Selain itu, bansos bukanlah solusi yang menyentuh akar permasalahannya. Adapun akar masalahnya karena diterapkannya sistem ekonomi kapitalis liberal. Yaitu untuk mewujudkan kemakmuran rakyat, negara tidak perlu campur tangan terhadap perekonomian masyarakat. Posisi negara hanya sebagai regulator, bukan sebagai pengatur urusan rakyatnya.
Berbeda halnya dengan politik ekonomi Islam, kebijakan dibuat untuk kesejahteraan rakyat. Negara sebagai pengatur urusan umat. Dalam hal ini, negara menjamin terpenuhinya seluruh kebutuhan pokok atau dasar rakyat, serta kesempatan terpenuhinya kebutuhan sekunder seluruh rakyat, orang per orang (tanpa memandang ras, suku, dan agama) secara menyeluruh. Kebutuhan dasar rakyat meliputi sandang, pangan, dan papan, serta kebutuhan dasar rakyat secara umum, yaitu pendidikan, kesehatan, dan keamanan.
Jaminan pemenuhan kebutuhan dasar diberikan oleh negara dengan mekanisme tidak langsung. Sesuai ketentuan syariat Islam, yaitu dengan 3 strategi kebijakan:
Pertama, Islam menetapkan tanggung jawab untuk memenuhi kebutuhan pokok individu berupa sandang, pangan, dan papan kepada individu dengan cara mewajibkan setiap pria yang balig, berakal, dan mampu, untuk bekerja. Tidak hanya untuk memenuhi kebutuhan dirinya sendiri, melainkan berkewajiban untuk memenuhi kebutuhan orang yang menjadi tanggungannya, seperti anak, istri, ibu, bapak, dan saudaranya. Dalam hal ini negara wajib menyediakan lapangan kerja yang halal seluas-luasnya dan menutup lapangan kerja, transaksi bisnis yang haram, serta membangun iklim yang kondusif untuk berkembangnya usaha dan investasi yang halal.

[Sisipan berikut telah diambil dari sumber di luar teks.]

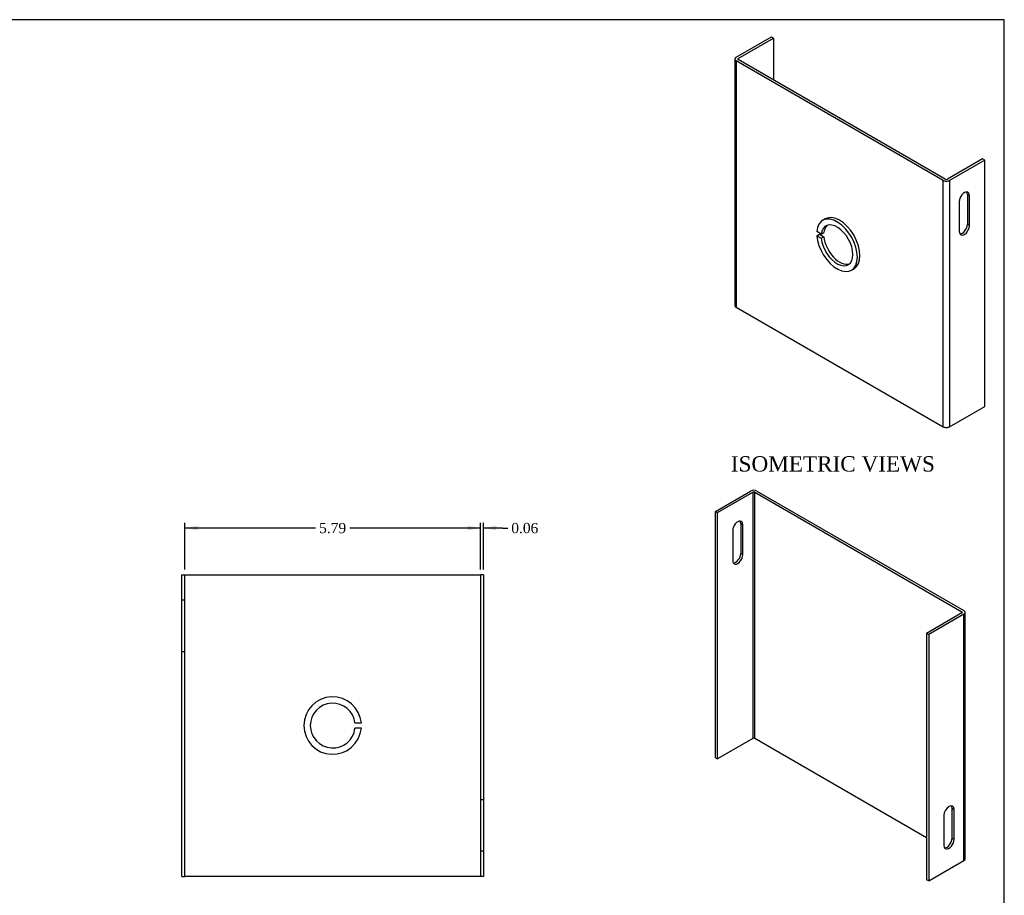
# Model space of a CAD drawing. Header units: inches. Extents: x 0.1 to 41.9, y -0.2 to 27.9.
# Tile 2 of 2: x 22.7 to 41.9, y 10.8 to 27.9. Entities that reach past the tile are written whole.
import ezdxf
from ezdxf.enums import TextEntityAlignment as Align
from ezdxf.lldxf.tags import DXFTag

# ---------------------------------------------------------------- set-up
doc = ezdxf.new("R2010")
doc.units = ezdxf.units.IN
doc.header["$MEASUREMENT"] = 0
doc.layers.add('COM55556-3', color=7, linetype='Continuous')
doc.layers.add('Default', color=7, linetype='Continuous')
doc.styles.add('SEACAD_Times_New_Roman', font='times.ttf')
tags = doc.linetypes.add('HIDDEN2', pattern=[0.1875, 0.125, -0.0625]).pattern_tags.tags
tags[6:7] = [DXFTag(74, 4), DXFTag(75, 0), DXFTag(340, '0'), DXFTag(46, 0.0), DXFTag(50, 0.0), DXFTag(44, 0.0), DXFTag(45, 0.0)]
tags[4:5] = [DXFTag(74, 4), DXFTag(75, 0), DXFTag(340, '0'), DXFTag(46, 0.0), DXFTag(50, 0.0), DXFTag(44, 0.0), DXFTag(45, 0.0)]
doc.dimstyles.new('HAMMOND_(STH_-_42x28)', dxfattribs={"dimtxt": 0.2, "dimasz": 0.25, "dimexe": 0.1, "dimexo": 0.1, "dimgap": 0.05, "dimtad": 0, "dimtih": 1, "dimtoh": 1, "dimzin": 0, "dimdsep": 46, "dimtxsty": 'SEACAD_Times_New_Roman', "dimblk1": '_SE_FILLED', "dimblk2": '_SE_FILLED', "dimsah": 1, "dimcen": 0.1, "dimadec": 0, "dimazin": 0, "dimtfac": 0.8, "dimtofl": 0, "dimtmove": 0, "dimatfit": 3, "dimfxl": 1, "dimtolj": 1, "dimtzin": 0, "dimarcsym": 0})

# ---------------------------------------------------------------- blocks, each defined once
blk = doc.blocks.new('SE5')
at = {"layer": 'COM55556-3', "color": 7, "linetype": 'Continuous'}
for p, q in [((25.8444833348, 17.0767135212), (25.9014833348, 17.0767135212)), ((25.8444833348, 11.1767135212), (25.8444833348, 17.0767135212)), ((25.9014833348, 17.0767135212), (25.9304833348, 17.0767135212)), ((25.9014833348, 11.1767135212), (25.9014833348, 17.0767135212)), ((25.9304833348, 17.0767135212), (31.6584833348, 17.0767135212)), ((31.6584833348, 17.0767135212), (31.6874833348, 17.0767135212)), ((31.6874833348, 17.0767135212), (31.6874833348, 11.1767135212)), ((31.7444833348, 17.0767135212), (31.6874833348, 17.0767135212)), ((31.7444833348, 17.0767135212), (31.7444833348, 11.1767135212)), ((25.8444833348, 11.1767135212), (25.9014833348, 11.1767135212)), ((25.9304833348, 11.1767135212), (25.9014833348, 11.1767135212)), ((31.6584833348, 11.1767135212), (25.9304833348, 11.1767135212)), ((31.6874833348, 11.1767135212), (31.6584833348, 11.1767135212)), ((31.7444833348, 11.1767135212), (31.6874833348, 11.1767135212))]:
    blk.add_line(p, q, dxfattribs=at)
at = {"layer": 'COM55556-3', "color": 7, "linetype": 'HIDDEN2'}
for p, q in [((25.9014833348, 16.5767135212), (25.8444833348, 16.5767135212)), ((25.8444833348, 15.5767135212), (25.9014833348, 15.5767135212)), ((29.2291168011, 14.1767135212), (29.3547567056, 14.1767135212)), ((29.3547567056, 14.0767135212), (29.2291168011, 14.0767135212)), ((31.7444833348, 12.6767135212), (31.6874833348, 12.6767135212)), ((31.6874833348, 11.6767135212), (31.7444833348, 11.6767135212))]:
    blk.add_line(p, q, dxfattribs=at)
for radius, start, end in [(0.5625, 5.099688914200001, 354.9003110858), (0.4374999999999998, 6.5624278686, 353.4375721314)]:
    blk.add_arc((28.7944833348, 14.1267135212), radius, start, end, dxfattribs=at)
blk = doc.blocks.new('SE6')
at = {"layer": 'COM55556-3', "color": 7, "linetype": 'Continuous'}
for p, q in [((36.6842187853, 27.1958643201), (37.3747085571, 27.5945187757)), ((36.7245238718, 27.1725941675), (37.4150136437, 27.5712486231)), ((37.3747085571, 27.5945187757), (37.4150136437, 27.5712486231)), ((37.4150136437, 27.5712486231), (37.4150136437, 26.750261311)), ((36.6590299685, 27.1607549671), (36.6590299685, 22.3434251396)), ((36.7245238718, 27.1489157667), (36.7245238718, 27.1725941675)), ((40.7345264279, 24.7871994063), (36.6842187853, 27.1256456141)), ((36.6842187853, 27.1256456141), (36.6842187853, 22.3083157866)), ((40.7748315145, 24.8104695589), (36.7245238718, 27.1489157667)), ((41.5063334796, 25.2091240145), (40.8158437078, 24.8104695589)), ((41.5466385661, 25.185853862), (40.8561487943, 24.7871994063)), ((41.5466385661, 25.185853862), (41.5063334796, 25.2091240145)), ((41.5466385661, 20.3685240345), (41.5466385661, 25.185853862)), ((40.7345264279, 19.9698695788), (40.7345264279, 24.7871994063)), ((40.8561487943, 24.7871994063), (40.8561487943, 19.9698695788)), ((41.207934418, 24.5138771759), (41.2482395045, 24.4906070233)), ((41.207934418, 24.5138771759), (41.207934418, 23.9268161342)), ((41.2482395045, 23.9035459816), (41.2482395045, 24.4906070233)), ((41.049542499, 24.3758892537), (41.049542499, 23.788828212)), ((38.4281226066, 24.0348968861), (38.3772109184, 24.0055030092)), ((41.207934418, 23.9268161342), (41.2482395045, 23.9035459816)), ((38.3511286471, 23.7366269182), (38.2622878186, 23.7879191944)), ((38.2622878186, 23.7062695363), (38.3131995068, 23.7356634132)), ((38.2622878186, 23.7062695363), (38.3511286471, 23.6549772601)), ((38.3131995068, 23.7356634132), (38.4020403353, 23.684371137)), ((38.3511286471, 23.7366269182), (38.4020403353, 23.7660207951)), ((38.3511286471, 23.6549772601), (38.4020403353, 23.684371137)), ((38.9397109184, 23.0312244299), (38.9906226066, 23.0606183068)), ((36.6842187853, 22.3083157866), (40.7345264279, 19.9698695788)), ((40.8561487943, 19.9698695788), (41.5466385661, 20.3685240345))]:
    blk.add_line(p, q, dxfattribs=at)
for centre, major_axis, start_param, end_param in [((36.7450299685, 27.1607549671), (0.08599999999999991, 1.152498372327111e-16), 2.356194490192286, 3.926990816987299), ((36.7450299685, 27.1607549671), (0.02900000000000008, -1.387266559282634e-17), 2.356194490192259, 3.926990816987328), ((40.7953376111, 24.8223087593), (0.08600000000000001, -2.822677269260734e-16), 3.926990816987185, 5.497787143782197), ((40.7953376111, 24.8223087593), (0.0290000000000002, 5.021207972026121e-16), 3.92699081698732, 5.497787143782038), ((41.1488910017, 24.4332481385), (-0.0702499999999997, -0.1216765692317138), 2.356194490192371, 5.497787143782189), ((41.1085859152, 24.456518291), (-0.07025000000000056, -0.1216765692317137), 2.356194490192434, 2.850635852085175), ((38.6584609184, 23.5183637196), (0.2812500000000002, -0.4871392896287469), 10.29918248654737, 16.40435506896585), ((38.7093726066, 23.5477575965), (0.2812499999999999, -0.4871392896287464), 0, 3.141592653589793), ((38.6584609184, 23.5183637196), (-0.2187500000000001, 0.3788861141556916), 7.18311944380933, 13.23723280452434), ((38.7093726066, 23.5477575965), (-0.21875, 0.3788861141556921), 0.1166338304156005, 0.6708621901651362), ((41.1488910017, 23.8461870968), (0.07025000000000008, 0.1216765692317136), 2.356194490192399, 5.497787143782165), ((41.1085859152, 23.8694572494), (0.07025000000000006, 0.1216765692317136), 3.432549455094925, 5.497787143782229), ((38.7093726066, 23.5477575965), (-0.21875, 0.3788861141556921), 0.8999341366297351, 3.024958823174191), ((36.7450299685, 22.3434251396), (0.08600000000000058, -5.65824675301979e-17), 3.141592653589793, 3.926990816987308), ((40.7953376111, 20.0049789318), (-0.08600000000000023, 1.536664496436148e-16), 0.7853981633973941, 2.356194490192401)]:
    blk.add_ellipse(centre, major_axis=major_axis, ratio=0.5773502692, start_param=start_param, end_param=end_param, dxfattribs=at)
blk = doc.blocks.new('DMBLK7658')
at = {"layer": 'Default', "linetype": 'Continuous', "transparency": 16777216}
for points in [[(26.15148333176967, 18.03052103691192), (25.90148333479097, 17.9888543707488), (26.15148333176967, 17.94718770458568)], [(31.43748333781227, 18.03052103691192), (31.43748333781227, 17.94718770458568), (31.68748333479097, 17.9888543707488)]]:
    blk.add_hatch(color=7, dxfattribs=at).paths.add_polyline_path(points)
at = {"layer": 'Default', "color": 7, "linetype": 'Continuous', "transparency": 16777216}
for p, q in [((25.9014833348, 17.1767135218), (25.9014833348, 18.0888543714)), ((28.4590805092, 17.9888543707), (25.9014833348, 17.9888543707)), ((31.6874833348, 17.9888543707), (29.1298861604, 17.9888543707)), ((31.6874833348, 17.1767135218), (31.6874833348, 18.0888543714))]:
    blk.add_line(p, q, dxfattribs=at)
at = {"layer": 'Default', "color": 7, "linetype": 'Continuous', "transparency": 16777216, "style": 'SEACAD_Times_New_Roman'}
blk.add_text('5.79', height=0.2, dxfattribs=at).set_placement((28.5290804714, 18.0888543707), align=Align.TOP_LEFT)
blk = doc.blocks.new('_SE_FILLED')
at = {"color": 0}
blk.add_line((0, 0), (-1, 0), dxfattribs=at)
blk.add_solid([(0, 0), (-1, -0.1665), (-1, 0.1665), (0, 0)], dxfattribs=at)
blk = doc.blocks.new('DMBLK7659')
at = {"layer": 'Default', "linetype": 'Continuous', "transparency": 16777216}
for points in [[(31.43748333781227, 18.03052103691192), (31.43748333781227, 17.94718770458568), (31.68748333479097, 17.9888543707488)], [(31.99448333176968, 18.03052103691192), (31.74448333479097, 17.9888543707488), (31.99448333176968, 17.94718770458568)]]:
    blk.add_hatch(color=7, dxfattribs=at).paths.add_polyline_path(points)
at = {"layer": 'Default', "color": 7, "linetype": 'Continuous', "transparency": 16777216}
for p, q in [((31.6874833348, 17.9888543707), (31.1874833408, 17.9888543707)), ((31.6874833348, 17.1767135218), (31.6874833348, 18.0888543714)), ((31.7444833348, 17.1767135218), (31.7444833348, 18.0888543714)), ((32.1172563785, 17.9888543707), (31.7444833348, 17.9888543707)), ((32.1172563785, 17.9888543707), (32.2172563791, 17.9888543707))]:
    blk.add_line(p, q, dxfattribs=at)
at = {"layer": 'Default', "color": 7, "linetype": 'Continuous', "transparency": 16777216, "style": 'SEACAD_Times_New_Roman'}
blk.add_text('0.06', height=0.2, dxfattribs=at).set_placement((32.2872563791, 18.0888543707), align=Align.TOP_LEFT)
blk = doc.blocks.new('SE7')
at = {"layer": 'COM55556-3', "color": 7, "linetype": 'Continuous'}
for p, q in [((36.2786907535, 18.3146635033), (36.9691805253, 18.713317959)), ((36.31899584, 18.2913933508), (37.0094856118, 18.6900478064)), ((37.0094856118, 18.6900478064), (37.0094856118, 13.8727179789)), ((37.0504978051, 18.6900478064), (41.1008054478, 16.3516015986)), ((37.0504978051, 13.8727179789), (37.0504978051, 18.6900478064)), ((37.0908028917, 18.713317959), (41.1411105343, 16.3748717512)), ((36.2786907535, 18.3146635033), (36.31899584, 18.2913933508)), ((36.2786907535, 13.4973336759), (36.2786907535, 18.3146635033)), ((36.31899584, 13.4740635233), (36.31899584, 18.2913933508)), ((36.6173949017, 17.9407080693), (36.6173949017, 17.3536470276)), ((36.8160919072, 18.0554258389), (36.7757868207, 18.0786959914)), ((36.7757868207, 18.0786959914), (36.7757868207, 17.4916349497)), ((36.8160919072, 17.4683647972), (36.8160919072, 18.0554258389)), ((36.8160919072, 17.4683647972), (36.7757868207, 17.4916349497)), ((41.1008054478, 16.3279231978), (40.410315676, 15.9292687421)), ((41.1411105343, 16.3046530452), (40.4506207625, 15.9059985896)), ((41.1008054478, 16.3516015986), (41.1008054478, 16.3279231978)), ((41.1411105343, 11.4873232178), (41.1411105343, 16.3046530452)), ((41.1662993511, 11.5224325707), (41.1662993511, 16.3397623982)), ((40.410315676, 15.9292687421), (40.410315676, 11.1119389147)), ((40.4506207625, 15.9059985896), (40.410315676, 15.9292687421)), ((40.4506207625, 15.9059985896), (40.4506207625, 11.0886687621)), ((37.0094856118, 13.8727179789), (36.31899584, 13.4740635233)), ((40.410315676, 11.9329262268), (37.0504978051, 13.8727179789)), ((36.2786907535, 13.4973336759), (36.31899584, 13.4740635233)), ((40.7490198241, 12.3709766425), (40.7490198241, 11.7839156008)), ((40.9074117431, 11.921903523), (40.9074117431, 12.5089645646)), ((40.9074117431, 12.5089645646), (40.9477168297, 12.4856944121)), ((40.9477168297, 11.8986333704), (40.9477168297, 12.4856944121)), ((40.9074117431, 11.921903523), (40.9477168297, 11.8986333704)), ((40.4506207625, 11.0886687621), (41.1411105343, 11.4873232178)), ((40.4506207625, 11.0886687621), (40.410315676, 11.1119389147))]:
    blk.add_line(p, q, dxfattribs=at)
for centre, major_axis, start_param, end_param in [((37.0299917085, 18.678208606), (-0.08600000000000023, -3.009794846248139e-16), 3.926990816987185, 5.497787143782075), ((37.0299917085, 18.678208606), (-0.02900000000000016, -4.481938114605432e-17), 3.926990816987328, 5.497787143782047), ((36.7167434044, 17.9980669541), (-0.07025000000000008, -0.1216765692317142), 2.356194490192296, 5.497787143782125), ((36.6764383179, 18.0213371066), (-0.07025000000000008, -0.1216765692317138), 2.356194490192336, 2.850635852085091), ((36.7167434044, 17.4110059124), (0.07025000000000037, 0.1216765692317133), 2.356194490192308, 5.497787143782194), ((36.6764383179, 17.4342760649), (0.0702499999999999, 0.1216765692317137), 3.432549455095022, 5.497787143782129), ((41.0802993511, 16.3397623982), (-0.08599999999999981, -6.030507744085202e-17), 2.356194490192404, 3.926990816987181), ((41.0802993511, 16.3397623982), (-0.0290000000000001, -2.134256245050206e-18), 2.356194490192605, 3.926990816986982), ((37.0299917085, 13.8608787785), (0.02900000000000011, -4.439499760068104e-16), 0.7853981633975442, 2.356194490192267), ((40.8483683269, 12.4283355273), (-0.07024999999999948, -0.1216765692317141), 2.356194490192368, 5.49778714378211), ((40.8080632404, 12.4516056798), (-0.07025000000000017, -0.1216765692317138), 2.356194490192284, 2.850635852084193), ((40.8483683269, 11.8412744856), (0.07025000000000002, 0.1216765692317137), 2.356194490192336, 5.497787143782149), ((40.8080632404, 11.8645446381), (0.07024999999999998, 0.1216765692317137), 3.432549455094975, 5.497787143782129), ((41.0802993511, 11.5224325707), (-0.08600000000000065, -1.04627910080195e-16), 2.356194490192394, 3.141592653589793)]:
    blk.add_ellipse(centre, major_axis=major_axis, ratio=0.5773502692, start_param=start_param, end_param=end_param, dxfattribs=at)
blk = doc.blocks.new('BORDER')
at = {"layer": 'Default', "color": 7, "linetype": 'Continuous'}
for p, q in [((0, 27.86), (-41.86, 27.86)), ((0, 0), (0, 27.86))]:
    blk.add_line(p, q, dxfattribs=at)

msp = doc.modelspace()

# ---------------------------------------------------------------- block references
at = {"layer": 'Default', "color": 7}
msp.add_blockref('BORDER', (41.9300011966, 0.0699989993), dxfattribs=at)
at = {"layer": 'Default'}
for name in ['SE6', 'SE7', 'SE5']:
    msp.add_blockref(name, (0, 0), dxfattribs=at)

# ---------------------------------------------------------------- texts
at = {"layer": 'Default', "color": 7, "linetype": 'Continuous', "style": 'SEACAD_Times_New_Roman'}
msp.add_text('ISOMETRIC VIEWS', height=0.3, dxfattribs=at).set_placement((36.5822226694, 19.3938071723), align=Align.TOP_LEFT)

# ---------------------------------------------------------------- dimensions: what is measured, and where the dimension line sits
at = {"layer": 'Default', "color": 7, "linetype": 'Continuous'}
dim = msp.add_linear_dim(base=(25.9014833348, 17.9888543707), p1=(31.6874833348, 17.0767135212), p2=(25.9014833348, 17.0767135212), text='\\A1;<>', dimstyle='HAMMOND_(STH_-_42x28)', dxfattribs=at)
dim.commit()
dim.dimension.update_dxf_attribs({"geometry": 'DMBLK7658', "text_midpoint": (28.794483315, 17.9888543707), "dimtype": 160})
dim = msp.add_linear_dim(base=(31.6874833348, 17.9888543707), p1=(31.7444833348, 17.0767135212), p2=(31.6874833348, 17.0767135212), text='\\A1;<>', dimstyle='HAMMOND_(STH_-_42x28)', override={"dimtmove": 1}, dxfattribs=at)
dim.commit()
dim.dimension.update_dxf_attribs({"geometry": 'DMBLK7659', "text_midpoint": (32.2172563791, 17.9888543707), "dimtype": 160})

doc.saveas('drawing.dxf')

Kedua, jika individu tersebut tidak mampu dan tidak bisa memenuhi kebutuhannya dan orang-orang yang menjadi tanggungannya, maka beban tersebut dibebankan kepada ahli waris dan kerabat dekatnya.
Ketiga, jika dengan strategi kedua kebutuhan pokok tersebut belum terpenuhi, maka beban beralih ke negara. Negara wajib menanggung pemenuhan kebutuhan pokok orang tersebut menggunakan harta yang ada di kas baitulmal, termasuk harta zakat.
Sedangkan untuk jaminan pemenuhan kebutuhan dasar rakyat secara umum berupa pendidikan, kesehatan, dan keamanan, negara memenuhinya secara langsung. Negara wajib menyediakan layanan pendidikan, kesehatan, dan keamanan sebagaimana yang dibutuhkan rakyat. Jika negara tidak mempunyai dana, maka negara bisa mengambil dharibah dari kaum muslim yang kaya, atau berutang yang dibolehkan oleh syariat. Adapun pungutan dharibah ini bersifat sementara, yaitu ketika kas di baitulmal kurang atau tidak ada, dan dalam jumlah yang dibutuhkan untuk memenuhi kebutuhan itu, tidak lebih.
Sedangkan dalam memenuhi kebutuhan sekunder, negara menciptakan kondisi agar warganya berkesempatan memenuhi kebutuhan sekunder mereka sesuai dengan kemampuan ekonomi masing-masing. Tak hanya itu, dengan dakwah dan pendidikan yang sistemik negara mengarahkan warganya memiliki corak dan gaya hidup yang islami (sederhana, tidak boros, tidak menggunakan hartanya untuk bermaksiat, mendorong rakyat untuk mendayagunakan hartanya di jalan Allah dll). Walhasil, ketika taraf hidup orang per orang meningkat, ditambah dengan corak dan gaya hidup yang islami, maka tentu pertumbuhan ekonominya akan stabil dan rakyat menjadi sejahtera.